| Record excerpts |
■ ■ ■ ■

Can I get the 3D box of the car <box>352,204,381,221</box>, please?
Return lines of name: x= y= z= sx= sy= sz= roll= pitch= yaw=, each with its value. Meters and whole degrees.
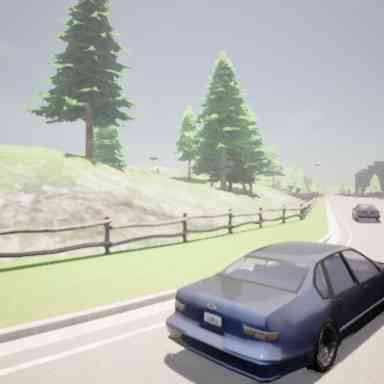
car: x=15.065 y=1.736 z=28.908 sx=2.033 sy=1.411 sz=5.357 roll=0 pitch=-1 yaw=22

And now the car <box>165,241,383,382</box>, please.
car: x=2.044 y=1.591 z=5.766 sx=5.357 sy=1.411 sz=2.033 roll=0 pitch=-1 yaw=-44
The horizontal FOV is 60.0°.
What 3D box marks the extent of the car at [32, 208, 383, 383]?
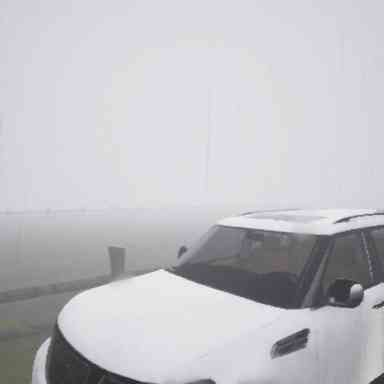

■ ■ ■ ■

| Problem description |
Pictures aside, please output the whole listing exactly as it appears above.

| Answer to the problem |
Can I get the 3D box of the car <box>352,204,381,221</box>, please?
Return lines of name: x= y= z= sx= sy= sz= roll= pitch= yaw=, each with its value. Meters and whole degrees.
car: x=15.065 y=1.736 z=28.908 sx=2.033 sy=1.411 sz=5.357 roll=0 pitch=-1 yaw=22

And now the car <box>165,241,383,382</box>, please.
car: x=2.044 y=1.591 z=5.766 sx=5.357 sy=1.411 sz=2.033 roll=0 pitch=-1 yaw=-44
The horizontal FOV is 60.0°.
What 3D box marks the extent of the car at [32, 208, 383, 383]?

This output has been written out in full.